==== TASK MATERIAL ====
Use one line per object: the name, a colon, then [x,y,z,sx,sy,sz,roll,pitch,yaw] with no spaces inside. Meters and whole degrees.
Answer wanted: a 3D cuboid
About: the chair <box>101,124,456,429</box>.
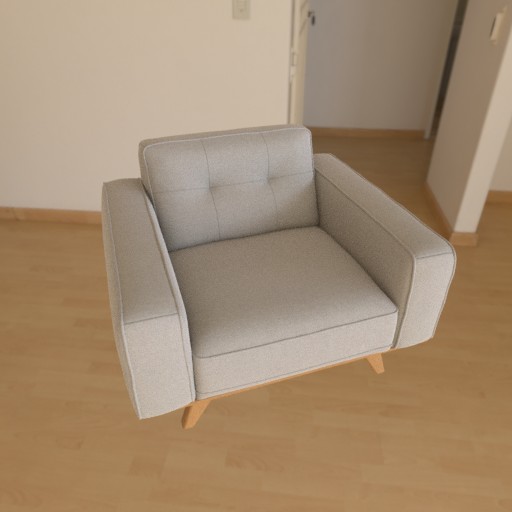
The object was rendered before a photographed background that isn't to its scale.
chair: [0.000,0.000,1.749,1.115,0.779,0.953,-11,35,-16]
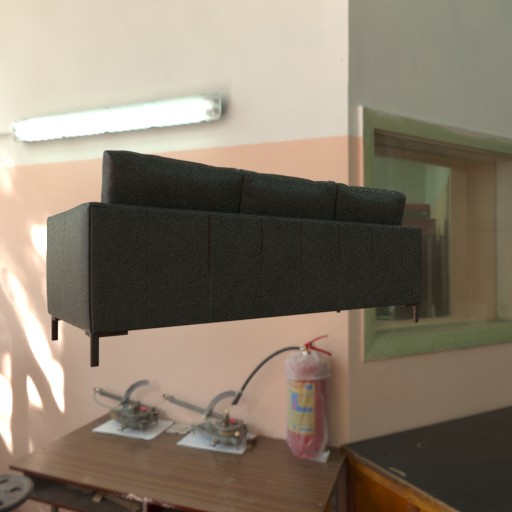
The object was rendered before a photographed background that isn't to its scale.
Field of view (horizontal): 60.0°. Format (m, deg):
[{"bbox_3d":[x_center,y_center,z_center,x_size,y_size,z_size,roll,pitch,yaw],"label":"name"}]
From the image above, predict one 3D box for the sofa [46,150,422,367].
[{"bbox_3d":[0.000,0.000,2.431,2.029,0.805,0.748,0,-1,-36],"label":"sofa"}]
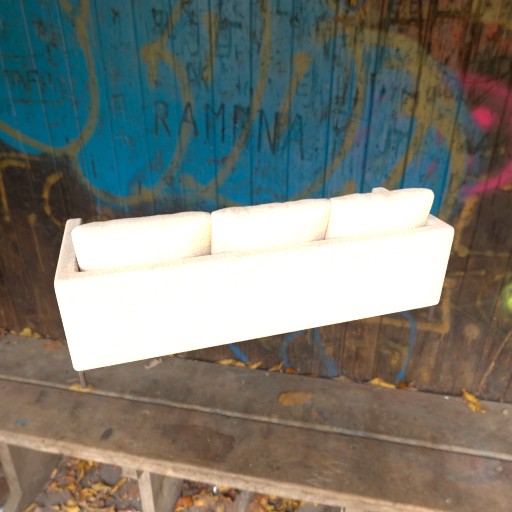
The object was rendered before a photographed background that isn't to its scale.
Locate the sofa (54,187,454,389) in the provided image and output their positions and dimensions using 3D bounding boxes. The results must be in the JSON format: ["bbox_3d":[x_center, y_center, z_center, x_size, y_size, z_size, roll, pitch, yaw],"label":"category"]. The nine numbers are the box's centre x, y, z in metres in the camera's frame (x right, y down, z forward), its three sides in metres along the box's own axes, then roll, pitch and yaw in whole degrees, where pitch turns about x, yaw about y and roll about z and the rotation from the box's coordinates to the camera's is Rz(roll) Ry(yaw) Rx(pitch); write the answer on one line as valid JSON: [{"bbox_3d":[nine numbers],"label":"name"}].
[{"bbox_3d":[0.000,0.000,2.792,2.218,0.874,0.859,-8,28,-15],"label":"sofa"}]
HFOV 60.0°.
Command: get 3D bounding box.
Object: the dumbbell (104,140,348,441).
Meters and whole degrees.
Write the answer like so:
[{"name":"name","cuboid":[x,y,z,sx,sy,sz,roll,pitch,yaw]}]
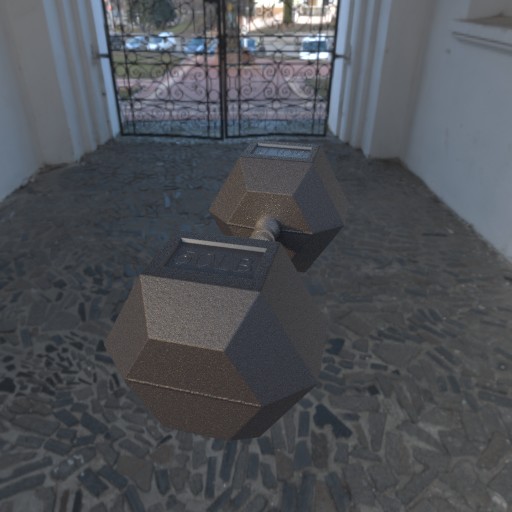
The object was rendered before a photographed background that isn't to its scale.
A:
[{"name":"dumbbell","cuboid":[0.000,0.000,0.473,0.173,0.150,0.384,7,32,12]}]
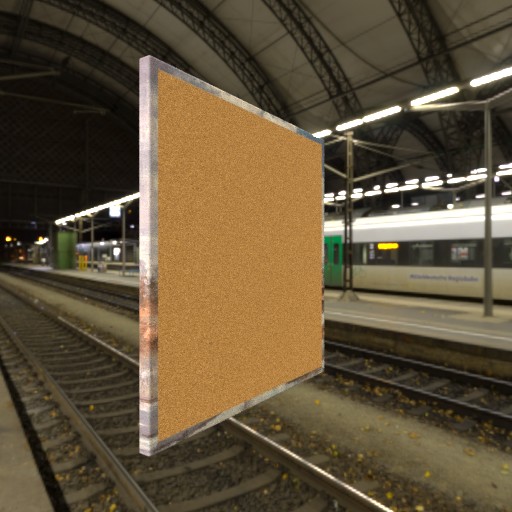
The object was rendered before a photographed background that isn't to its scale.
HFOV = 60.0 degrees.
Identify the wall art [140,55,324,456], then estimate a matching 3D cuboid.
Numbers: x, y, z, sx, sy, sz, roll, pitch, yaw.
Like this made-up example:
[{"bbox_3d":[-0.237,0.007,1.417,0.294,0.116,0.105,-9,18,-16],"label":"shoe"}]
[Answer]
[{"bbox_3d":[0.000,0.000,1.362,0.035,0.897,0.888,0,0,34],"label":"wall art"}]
====
==== TASK MATERIAL ====
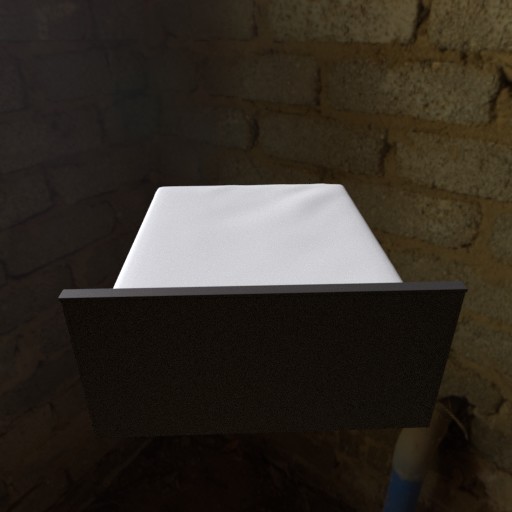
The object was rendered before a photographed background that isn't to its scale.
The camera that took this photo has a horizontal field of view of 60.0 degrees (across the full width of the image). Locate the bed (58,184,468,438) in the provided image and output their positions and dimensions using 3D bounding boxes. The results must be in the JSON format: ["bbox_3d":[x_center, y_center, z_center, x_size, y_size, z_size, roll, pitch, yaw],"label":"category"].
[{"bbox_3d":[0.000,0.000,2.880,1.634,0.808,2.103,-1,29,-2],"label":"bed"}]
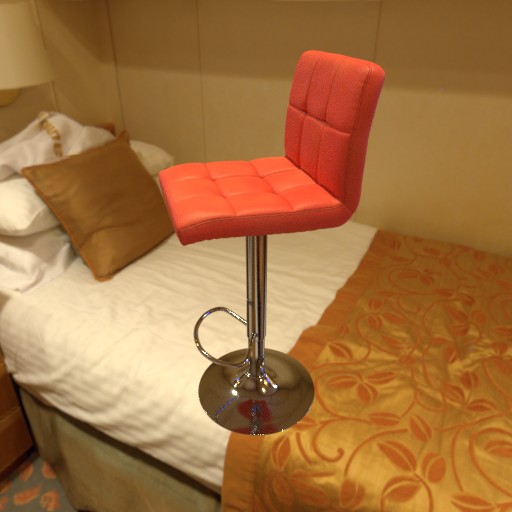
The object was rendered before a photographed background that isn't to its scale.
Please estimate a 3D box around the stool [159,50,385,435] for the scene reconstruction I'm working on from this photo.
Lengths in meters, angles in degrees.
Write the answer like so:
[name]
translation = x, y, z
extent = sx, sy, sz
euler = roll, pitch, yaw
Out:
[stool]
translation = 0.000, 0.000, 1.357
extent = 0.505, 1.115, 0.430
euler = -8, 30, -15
====
ABOUT THIS EXERCISE:
Quote the listing above, but only from the line that shows "Use one line" through the line that shows "About: the chair <box>101,124,456,429</box>.".

WRITTEN ANSWER:
Use one line per object: the name, a colon, then [x,y,z,sx,sy,sz,roll,pitch,yaw] with no spaces inside. Meters and whole degrees.
Answer wanted: a 3D cuboid
About: the chair <box>101,124,456,429</box>.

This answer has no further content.